17th United States Ambassador to Malawi
- In office October 20, 2011 – September 25, 2014
- President: Barack Obama
- Preceded by: Peter W. Bodde
- Succeeded by: Virginia E. Palmer

16th United States Ambassador to Burkina Faso
- In office March 24, 2006 – March 7, 2009
- President: George W. Bush
- Preceded by: J. Anthony Holmes
- Succeeded by: Gayleatha B. Brown

Personal details
- Born: 1949 (age 76–77) Sheridan, Wyoming, U.S.
- Spouse: Mark Jackson
- Profession: Diplomat

= Jeanine E. Jackson =

American diplomat (born 1949)

Jeanine E. Jackson (born 1949) is an American diplomat. She was the ambassador to Burkina Faso from 2006 to 2009 and to the Republic of Malawi from 2011 to 2014.

==Life==
Jeanine Jackson was born in Wyoming. She is of European descent, and graduated from Hastings College with a BA in Art Education in 1971, and the Florida Institute of Technology with an MBA.

==Career==
Prior to entering the U.S. Foreign Service, Jackson worked in Saigon, Vietnam, as a civil service employee at the Defense Attaché Office. She also served for 10 years as an active duty U.S. Army officer as a colonel, and served primarily in West Germany and South Korea, before retiring and joining the reserves. She joined the Foreign Service in 1985, and saw prominent roles such as Post Management Officer to the USSR (1991), Personnel Officer to Hong Kong (1997), Supervisory General Services Officer to Kenya (1998), Deputy Chief of Mission to Afghanistan (2001–2003), Coordinator for Iraq Transition (2004–2006), amidst others. As Minister Counselor for Management at the U.S. Embassy in Baghdad, she supported the transition from a military-oriented U.S. presence to a more civilian one. In that role she found it necessary to deal with funding shortages and uncertainty. Jackson retired as a colonel from the Army reserve in 2006. She was appointed as United States Ambassador to Burkina Faso by George W. Bush in 2006, where she achieved a bilateral agreement with the state that enabled U.S. Special Operations Command to regularize and accelerate its counter-terrorism work against Al Qaeda in that region, and remained in that post until 2009.

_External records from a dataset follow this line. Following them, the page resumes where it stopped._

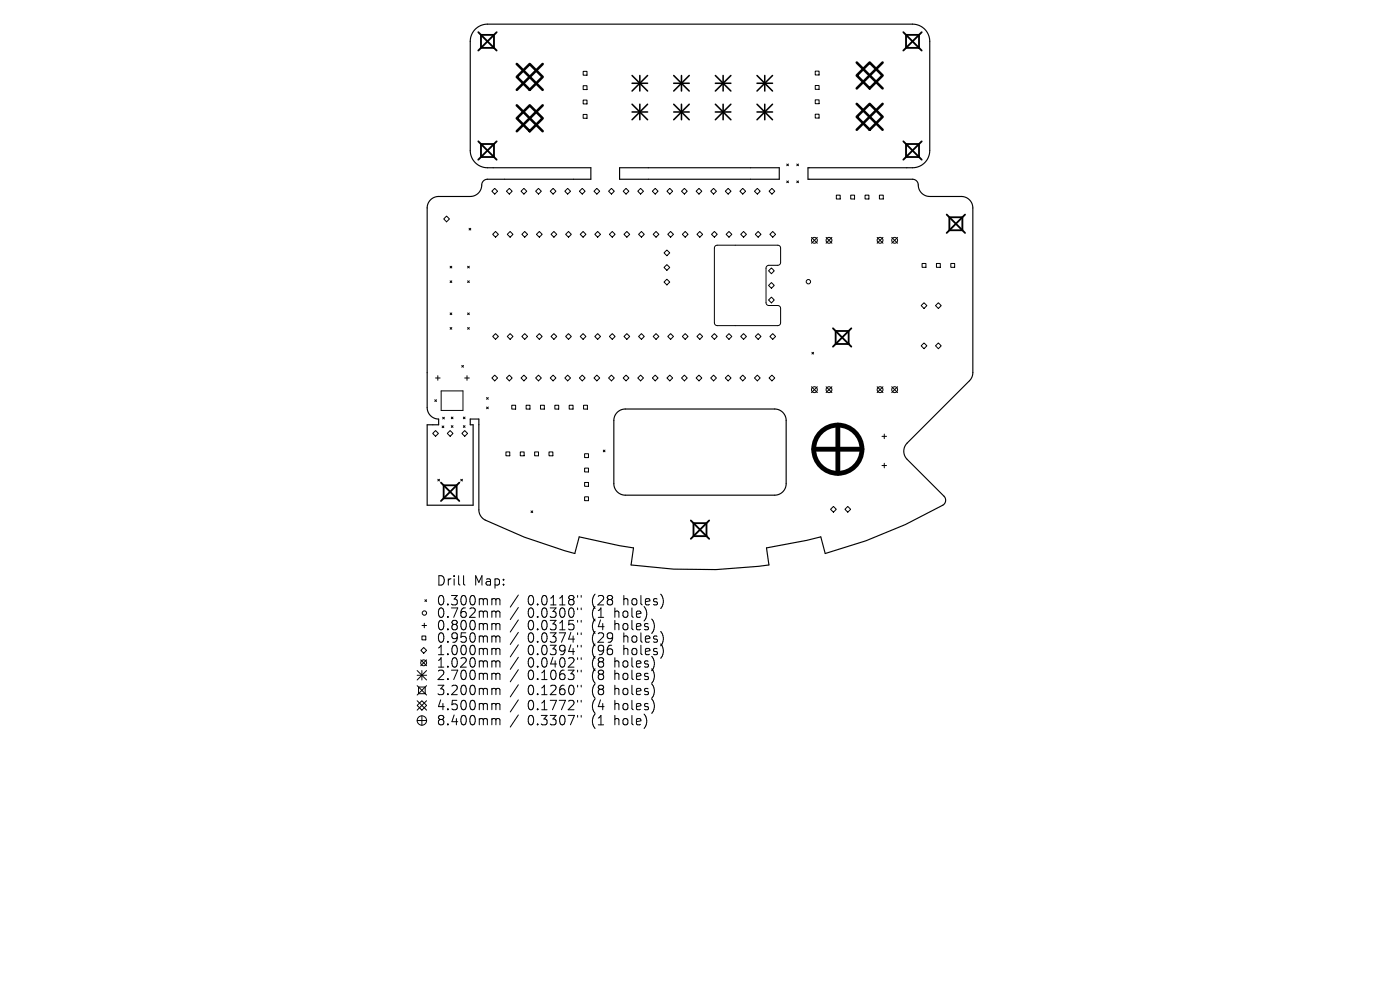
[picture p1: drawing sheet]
<svg xmlns="http://www.w3.org/2000/svg" width="297mm" height="210mm" viewBox="0 0 297 210" stroke-linecap="round" stroke-linejoin="round" font-family="sans-serif">
<defs><g id="words">
<g font-size="2.8">
<text x="92.5" y="124.5">Drill</text>
<text x="100.5" y="124.5">Map:</text>
<text x="92.5" y="128.7">0.300mm</text>
<text x="92.5" y="131.3">0.762mm</text>
<text x="111.9" y="128.7">0.0118&quot;</text>
<text x="111.9" y="131.3">0.0300&quot;</text>
<text x="125.7" y="128.7">(28</text>
<text x="125.7" y="131.3">(1</text>
<text x="130.6" y="131.3">hole)</text>
<text x="132.5" y="128.7">holes)</text>
<text x="92.5" y="134">0.800mm</text>
<text x="92.5" y="136.6">0.950mm</text>
<text x="111.9" y="134">0.0315&quot;</text>
<text x="111.9" y="136.6">0.0374&quot;</text>
<text x="125.7" y="134">(4</text>
<text x="125.7" y="136.6">(29</text>
<text x="130.6" y="134">holes)</text>
<text x="132.5" y="136.6">holes)</text>
<text x="92.5" y="139.3">1.000mm</text>
<text x="92.5" y="141.9">1.020mm</text>
<text x="111.9" y="139.3">0.0394&quot;</text>
<text x="111.9" y="141.9">0.0402&quot;</text>
<text x="125.7" y="139.3">(96</text>
<text x="125.7" y="141.9">(8</text>
<text x="130.6" y="141.9">holes)</text>
<text x="132.5" y="139.3">holes)</text>
<text x="92.5" y="144.5">2.700mm</text>
<text x="92.5" y="147.7">3.200mm</text>
<text x="111.9" y="144.5">0.1063&quot;</text>
<text x="111.9" y="147.7">0.1260&quot;</text>
<text x="125.7" y="144.5">(8</text>
<text x="125.7" y="147.7">(8</text>
<text x="130.6" y="144.5">holes)</text>
<text x="130.6" y="147.7">holes)</text>
<text x="92.5" y="150.9">4.500mm</text>
<text x="92.5" y="154.1">8.400mm</text>
<text x="111.9" y="150.9">0.1772&quot;</text>
<text x="111.9" y="154.1">0.3307&quot;</text>
<text x="125.7" y="150.9">(4</text>
<text x="125.7" y="154.1">(1</text>
<text x="130.6" y="150.9">holes)</text>
<text x="130.6" y="154.1">hole)</text>
</g>
</g></defs>
<path d="M100.8 6.2a3.7 3.7 0 0 1 2.6-1.1h90.2a3.7 3.7 0 0 1 3.6 3.7v23.1a3.7 3.7 0 0 1-3.6 3.7h-22.2v2.4h22.2a1.35 1.35 0 0 1 1.2 1.7 2.44 2.44 0 0 0 2.4 2h6.7a2.44 2.44 0 0 1 2.5 2.4l-.1 35.6-.6 1.1-13.2 13.2a2.44 2.44 0 0 0-.1 3.4l7.9 7.9a1.22 1.22 0 0 1-.3 1.9l-8 4.1-8.3 3.4-8.6 2.7-1-3.5-2.9 .7-8.6 1.6 .5 3.6a103.6 103.6 0 0 1-29.2 0l.5-3.6-3-.4-8.5-1.9-1 3.5a100.6 100.6 0 0 1-19.3-7.3l-.7-.7-.3-1v-19.5h-1.8v1.2h.6v17.1h-9.8v-17.1h2.5v-1.2a2.44 2.44 0 0 1-2.5-2.5v-42.3a2.44 2.44 0 0 1 2.5-2.4h6.7a2.61 2.61 0 0 0 2.5-2.9l.4-.6 .7-.2h21.9v-2.4h-21.9a3.7 3.7 0 0 1-3.6-3.7v-23.1a3.7 3.7 0 0 1 1-2.6zM131.4 35.6h33.9v2.4h-33.9zM130.9 87.5l.9-.6 .9-.1h31.6a2.44 2.44 0 0 1 2.5 2.4v13.4a2.44 2.44 0 0 1-2.5 2.4h-31.6a2.44 2.44 0 0 1-2.5-2.4v-13.6l.3-.8z" fill="none" stroke="#000" stroke-width=".24"/>
<g fill="none" stroke="#000" stroke-width=".21">
<path d="M123.7 15.1h.8v.9h-.8zM123.7 18.2h.8v.8h-.8zM172.9 15.1h.9v.8h-.9zM172.9 18.1h.9v.9h-.9zM114.2 40l.6 .6-.6 .6-.6-.6zM123.5 40l.6 .6-.6 .6-.6-.6zM123.7 21.2h.8v.8h-.8zM123.7 24.3h.8v.8h-.8zM132.8 40l.6 .6-.6 .6-.6-.6zM142.1 40l.6 .6-.6 .6-.6-.6zM151.4 40l.6 .6-.6 .6-.6-.6zM160.7 40l.6 .6-.6 .6-.6-.6z"/>
<path d="M166.9 34.8l.4 .4M166.9 38.4l.4 .4M167.3 34.8l-.4 .4M167.3 38.4l-.4 .4M169 34.8l.4 .4M169 38.4l.4 .4M169.4 34.8l-.4 .4M169.4 38.4l-.4 .4M172.9 21.2h.9v.8h-.9zM172.9 24.2h.9v.8h-.9zM94.7 45.8l.6 .6-.6 .7-.6-.7zM95.5 56.5l.4 .3"/>
<path d="M95.5 59.6l.4 .3M95.9 56.5l-.4 .3M95.9 59.6l-.4 .3M99.2 56.5l.4 .3M99.2 59.6l.4 .3M99.5 48.4l.4 .4M99.6 56.5l-.4 .3M99.6 59.6l-.4 .3M99.9 48.4l-.4 .4M104.3 40.6l.7-.6 .6 .6-.6 .6zM104.5 49.7l.6-.6 .6 .6-.6 .6zM107.4 40.6l.6-.6 .7 .6-.7 .6z"/>
<path d="M107.6 49.7l.6-.6 .6 .6-.6 .6zM110.5 40.6l.6-.6 .7 .6-.7 .6zM111.3 49.1l.6 .6-.6 .6-.6-.6zM113.8 49.7l.6-.6 .6 .6-.6 .6zM116.7 40.6l.6-.6 .6 .6-.6 .6zM116.9 49.7l.6-.6 .6 .6-.6 .6zM119.8 40.6l.6-.6 .6 .6-.6 .6zM120.6 49.1l.6 .6-.6 .6-.6-.6zM123.1 49.7l.6-.6 .6 .6-.6 .6zM126 40.6l.6-.6 .6 .6-.6 .6zM126.8 49.1l.6 .6-.6 .6-.6-.6zM129.1 40.6l.6-.6 .6 .6-.6 .6z"/>
<path d="M129.9 49.1l.6 .6-.6 .6-.6-.6zM132.4 49.7l.6-.6 .6 .6-.6 .6zM135.3 40.6l.6-.6 .6 .6-.6 .6zM135.5 49.7l.6-.6 .6 .6-.6 .6zM138.4 40.6l.6-.6 .6 .6-.6 .6zM139.2 49.1l.6 .6-.6 .6-.6-.6zM140.9 53.6l.6-.6 .6 .6-.6 .7zM141.5 56.1l.6 .6-.6 .6-.6-.6zM141.5 59.2l.6 .6-.6 .6-.6-.6zM141.7 49.7l.6-.6 .6 .6-.6 .6zM144.6 40.6l.6-.6 .6 .6-.6 .6zM144.8 49.7l.6-.6 .6 .6-.6 .6z"/>
<path d="M147.7 40.6l.6-.6 .6 .6-.6 .6zM148.5 49.1l.6 .6-.6 .6-.7-.6zM150.9 49.7l.7-.6 .6 .6-.6 .6zM151.7 52.2l.5-.2h12.8l.5 .2 .1 .4-.1 3.4-.5 .3h-2l-.4 .2-.1 .4v7.5l.5 .4h2l.5 .3 .1 3.4-.2 .4-.4 .2h-12.8l-.5-.2-.1-.4v-15.9zM153.9 40.6l.6-.6 .6 .6-.6 .6zM154 49.7l.6-.6 .7 .6-.7 .6zM157 40.6l.6-.6 .6 .6-.6 .6zM157.7 49.1l.7 .6-.7 .6-.6-.6zM160.2 49.7l.6-.6 .6 .6-.6 .6zM163 57.4l.7-.6 .6 .6-.6 .7zM163.2 40.6l.6-.6 .6 .6-.6 .6zM163.3 49.7l.6-.6 .6 .6-.6 .6z"/>
<path d="M172.2 50.4l1.2 1.2M173.4 50.4l-1.2 1.2M175.2 50.4l1.3 1.2M176.5 50.4l-1.3 1.2M177.4 41.4h.8v.8h-.8zM180.5 41.4h.8v.8h-.8zM183.5 41.4h.8v.8h-.8zM186.1 50.4l1.2 1.2M186.6 41.4h.8v.8h-.8zM187.3 50.4l-1.2 1.2M189.2 50.4l1.2 1.2M190.4 50.4l-1.2 1.2"/>
<path d="M195.6 55.9h.8v.8h-.8zM198.7 55.9h.8v.8h-.8zM201.7 55.9h.8v.8h-.8zM92.9 79.7v1M95.5 66.4l.4 .3M95.5 69.5l.4 .3M95.9 66.4l-.4 .3M95.9 69.5l-.4 .3M98 77.5l.3 .4M98.3 77.5l-.3 .4M99.1 79.7v1M99.2 66.4l.4 .3"/>
<path d="M99.2 69.5l.4 .3M99.6 66.4l-.4 .3M99.6 69.5l-.4 .3M104.5 71.4l.6-.6 .6 .6-.6 .6zM105 79.6l.6 .6-.6 .6-.7-.6zM107.6 71.4l.6-.6 .6 .6-.6 .6zM108 79.6l.7 .6-.7 .6-.6-.6zM110.7 71.4l.6-.6 .6 .6-.6 .6zM111.1 79.6l.7 .6-.7 .6-.6-.6zM113.8 71.4l.6-.6 .6 .6-.6 .6zM114.2 79.6l.6 .6-.6 .6-.6-.6zM116.9 71.4l.6-.6 .6 .6-.6 .6z"/>
<path d="M120.4 79.6l.6 .6-.6 .6-.6-.6zM120.6 70.8l.6 .6-.6 .6-.6-.6zM123.1 71.4l.6-.6 .6 .6-.6 .6zM123.5 79.6l.6 .6-.6 .6-.6-.6zM126.2 71.4l.6-.6 .6 .6-.6 .6zM126.6 79.6l.6 .6-.6 .6-.6-.6zM129.7 79.6l.6 .6-.6 .6-.6-.6zM129.9 70.8l.6 .6-.6 .6-.6-.6zM132.4 71.4l.6-.6 .6 .6-.6 .6zM132.8 79.6l.6 .6-.6 .6-.6-.6zM135.5 71.4l.6-.6 .6 .6-.6 .6zM135.9 79.6l.6 .6-.6 .6-.6-.6z"/>
<path d="M138.6 71.4l.6-.6 .6 .6-.6 .6zM139 79.6l.6 .6-.6 .6-.6-.6zM141.7 71.4l.6-.6 .6 .6-.6 .6zM142.1 79.6l.6 .6-.6 .6-.6-.6zM144.8 71.4l.6-.6 .6 .6-.6 .6zM147.8 71.4l.7-.6 .6 .6-.6 .6zM150.9 71.4l.7-.6 .6 .6-.6 .6zM151.4 79.6l.6 .6-.6 .6-.6-.6zM154 71.4l.6-.6 .7 .6-.7 .6zM154.5 79.6l.6 .6-.6 .6-.6-.6zM157.6 79.6l.6 .6-.6 .6-.6-.6zM157.7 70.8l.7 .6-.7 .6-.6-.6z"/>
<path d="M160.2 71.4l.6-.6 .6 .6-.6 .6zM160.7 79.6l.6 .6-.6 .6-.6-.6zM163 60.5l.7-.6 .6 .6-.6 .7zM163 63.6l.7-.6 .6 .6-.6 .6zM163.3 71.4l.6-.6 .6 .6-.6 .6zM172.2 74.7l.4 .4M172.6 74.7l-.4 .4M196 64.2l.6 .6-.6 .6-.6-.6zM196 72.8l.6 .6-.6 .6-.6-.6zM199.1 64.2l.6 .6-.6 .6-.6-.6zM199.1 72.8l.6 .6-.6 .6-.6-.6zM91.8 91.9l.6-.6 .6 .6-.6 .7z"/>
<path d="M92.2 84.8l.4 .4M92.4 80.2h1M92.6 84.8l-.4 .4M93.6 82.9h4.6v4.2h-4.6zM93.8 90.4l.4 .3M93.9 88.5l.4 .4M94.2 90.4l-.4 .3M94.3 88.5l-.4 .4M95.5 91.3l.6 .6-.6 .7-.6-.7zM95.7 90.3l.4 .4M95.7 88.5l.4 .3M96.1 88.5l-.4 .3"/>
<path d="M96.1 90.3l-.4 .4M98 91.9l.6-.6 .6 .6-.6 .7zM98.3 88.5l.4 .3M98.3 90.3l.4 .4M98.6 80.2h1M98.7 88.5l-.4 .3M98.7 90.3l-.4 .4M103.2 84.3l.4 .4M103.2 86.3l.4 .4M103.6 84.3l-.4 .4M103.6 86.3l-.4 .4M107.3 95.9h.8v.8h-.8z"/>
<path d="M108.6 86h.8v.8h-.8zM110.4 95.9h.8v.8h-.8zM111.6 86h.8v.8h-.8zM113.4 95.9h.8v.8h-.8zM114.7 86h.8v.8h-.8zM116.5 95.9h.8v.8h-.8zM116.7 80.2l.6-.6 .6 .6-.6 .6zM117.7 86h.8v.8h-.8zM120.8 86h.8v.8h-.8zM123.8 86h.8v.8h-.8zM124 96.3h.8v.8h-.8zM124 99.3h.8v.8h-.8z"/>
<path d="M128 95.5l.3 .3M128.3 95.5l-.3 .3M144.6 80.2l.6-.6 .6 .6-.6 .6zM147.7 80.2l.6-.6 .6 .6-.6 .6zM163.2 80.2l.6-.6 .6 .6-.6 .6zM172.2 82l1.2 1.3M173.4 82l-1.2 1.3M175.2 82l1.3 1.3M176.5 82l-1.3 1.3M186.1 82l1.2 1.3M187.1 92.6h1M187.1 98.8h1"/>
<path d="M187.3 82l-1.2 1.3M187.6 92.1v1M187.6 98.3v.9M189.2 82l1.2 1.3M190.4 82l-1.2 1.3M92.9 101.7l.3 .3M93.2 101.7l-.3 .3M97.7 101.7l.4 .3M98.1 101.7l-.4 .3M112.7 108.4l.3 .3M113 108.4l-.3 .3M124 102.3h.8v.9h-.8z"/>
<path d="M124 105.4h.8v.8h-.8zM176.8 107.4l.6 .6-.6 .6-.6-.6zM179.9 107.4l.6 .6-.6 .6-.7-.6zM89.3 140l1.2 1.2M89.5 134.9h.8v.8h-.8zM89.5 132.7h1M89.9 137.4l.6 .6-.6 .6-.6-.6zM90 132.2v1M90.1 127.2l.4 .4M90.5 127.2l-.4 .4M90.5 140l-1.2 1.2M98.3 122.1v1.7l.3 .3"/>
<path d="M104.6 127l.5 .1 .1 .2M104.6 129.6h.3l.3 .3M104.6 132.3h.3l.3 .3M104.6 134.9h.3l.3 .3M104.6 137.5l.5 .1 .1 .2M105.2 127.3l.3-.3 .5 .1 .1 1.2M105.2 127.3v1M105.2 129.9v1.1M105.2 132.6v1M105.2 135.2v1M105.2 137.8v1.1M105.2 129.9l.3-.3 .5 .1 .1 1.3"/>
<path d="M105.2 132.6l.3-.3 .5 .1 .1 1.2M105.2 135.2l.3-.3 .5 .1 .1 1.2M105.2 137.8l.3-.3 .5 .1 .1 1.3M110 126.2l-1.8 2.6M110 128.9l-1.8 2.5M110 131.5l-1.8 2.6M110 134.1l-1.8 2.6M110 136.8l-1.8 2.6M110 139.4l-1.8 2.6M122.5 126.3v.4M122.5 129v.3M122.5 131.6v.4"/>
<path d="M122.5 134.2v.4M122.5 136.9v.4M122.5 139.5v.4M123.3 126.3v.4M123.3 129v.3M123.3 131.6v.4M123.3 134.2v.4M123.3 136.9v.4M123.3 139.5v.4M88.5 149.6l1-1 1 1-1 1zM88.5 142.2l2 2M88.5 143.2h2"/>
<path d="M88.5 145.4l2 2M88.5 148.6l2 2M88.5 152.8h2M88.8 145.7h1.4v1.5h-1.4zM89.5 142.2v2M89.5 151.8v2M90.5 142.2l-2 2M90.5 145.4l-2 2M90.5 148.6l-2 2M104.6 140.2l.5 .1 .1 .2M104.6 142.8h.3l.3 .3M104.6 146h.3l.3 .3"/>
<path d="M104.6 149.2l.5 .1 .1 .2M104.6 152.4h.3l.3 .3M105.2 140.5v1M105.2 143.1v1.1M105.2 146.3v1.1M105.2 149.5v1.1M105.2 152.7v1.1M105.2 140.5l.3-.3 .5 .1 .1 1.2M105.2 143.1l.3-.3 .5 .1 .1 1.3M105.2 146.3l.3-.3 .5 .1 .1 1.3M105.2 149.5l.3-.3 .5 .1 .1 1.3M105.2 152.7l.3-.3 .5 .1 .1 1.3"/>
<path d="M110 142.1l-1.8 2.5M110 145.3l-1.8 2.5M110 148.5l-1.8 2.5M110 151.7l-1.8 2.5M122.5 142.2v.3M122.5 145.4v.3M122.5 148.6v.3M122.5 151.8v.3M123.3 142.2v.3M123.3 145.4v.3M123.3 148.6v.3M123.3 151.8v.3"/>
<circle cx="171.5" cy="59.8" r=".46"/>
<circle cx="172.8" cy="51" r=".62"/>
<circle cx="175.9" cy="51" r=".62"/>
<circle cx="186.7" cy="51" r=".62"/>
<circle cx="189.8" cy="51" r=".62"/>
<circle cx="172.8" cy="82.7" r=".62"/>
<circle cx="175.9" cy="82.7" r=".62"/>
<circle cx="186.7" cy="82.7" r=".62"/>
<circle cx="189.8" cy="82.7" r=".62"/>
<circle cx="90" cy="130" r=".46"/>
<circle cx="89.5" cy="152.8" r="1"/>
<circle cx="89.9" cy="140.6" r=".62"/>
</g>
<g fill="none" stroke="#000" stroke-width=".33">
<path d="M134.1 16l3.3 3.3M134.1 17.7h3.3M135.7 16v3.3M137.4 16l-3.3 3.3M142.9 17.7h3.3M142.9 16l3.3 3.3M144.6 16v3.3M146.2 16l-3.3 3.3M151.8 17.7h3.2M151.8 16l3.2 3.3M153.4 16v3.3M155 16l-3.2 3.3"/>
<path d="M160.6 17.7h3.3M160.6 16l3.3 3.3M162.2 16v3.3M163.9 16l-3.3 3.3M134.1 22.1l3.3 3.3M134.1 23.8h3.3M135.7 22.1v3.3M137.4 22.1l-3.3 3.3M142.9 23.8h3.3M142.9 22.1l3.3 3.3M144.6 22.1v3.3M146.2 22.1l-3.3 3.3"/>
<path d="M151.8 23.8h3.2M151.8 22.1l3.2 3.3M153.4 22.1v3.3M155 22.1l-3.2 3.3M160.6 23.8h3.3M160.6 22.1l3.3 3.3M162.2 22.1v3.3M163.9 22.1l-3.3 3.3"/>
</g>
<g fill="none" stroke="#000" stroke-width=".39">
<path d="M101.5 6.8l3.9 3.9M102 7.4h2.8v2.8h-2.8zM105.4 6.8l-3.9 3.9M191.6 6.8l3.9 3.9M192.2 7.4h2.8v2.8h-2.8zM195.5 6.8l-3.9 3.9M101.5 30l3.9 3.9M102 30.6h2.8v2.7h-2.8zM105.4 30l-3.9 3.9M191.6 30l3.9 3.9M192.2 30.6h2.8v2.7h-2.8zM195.5 30l-3.9 3.9"/>
<path d="M200.8 45.5l3.9 3.9M201.4 46.1h2.8v2.7h-2.8zM204.7 45.5l-3.9 3.9M176.7 69.6l3.9 3.9M177.3 70.2h2.7v2.8h-2.7zM180.6 69.6l-3.9 3.9M93.5 102.4l3.9 3.9M94.1 102.9h2.8v2.8h-2.8zM97.4 102.4l-3.9 3.9M146.6 110.4l3.9 3.9M147.1 111h2.8v2.7h-2.8zM150.5 110.4l-3.9 3.9"/>
</g>
<path d="M109.6 16.3l2.8-2.7 2.7 2.7-2.7 2.8zM109.6 13.6l5.5 5.5M115.1 13.6l-5.5 5.5M181.8 13.3l5.4 5.5M184.5 13.3l2.7 2.7-2.7 2.8-2.7-2.8zM187.2 13.3l-5.4 5.5M109.6 25.1l2.8-2.8 2.7 2.8-2.7 2.7zM109.6 22.3l5.5 5.5M115.1 22.3l-5.5 5.5M181.8 22l5.4 5.5M184.5 22l2.7 2.8-2.7 2.7-2.7-2.7zM187.2 22l-5.4 5.5" fill="none" stroke="#000" stroke-width=".55"/>
<g fill="none" stroke="#000" stroke-width="1">
<path d="M172.6 95.3h10.3M177.7 90.2v10.2"/>
<circle cx="177.7" cy="95.3" r="5.1"/>
</g>
<use href="#words"/>
</svg>

President Barack Obama nominated Jackson as United States Ambassador to Malawi, and she was then confirmed by Congress on June 30, 2011. She ended her post in Malawi in 2014 and used the opportunity to highlight the US Skills Training programs and commend the Malawi government for its peace-keeping mission in the Democratic Republic of the Congo. She served as ambassador to Malawi during the administration of Malawi President Joyce Banda and witnessed the progress the country made under her leadership in establishing greater gender equality. In an interview Jackson compared Malawi to the U.S. in terms of women's participation in government: "I note that there is a greater percentage of women in the Malawian Parliament than in the U.S. Congress."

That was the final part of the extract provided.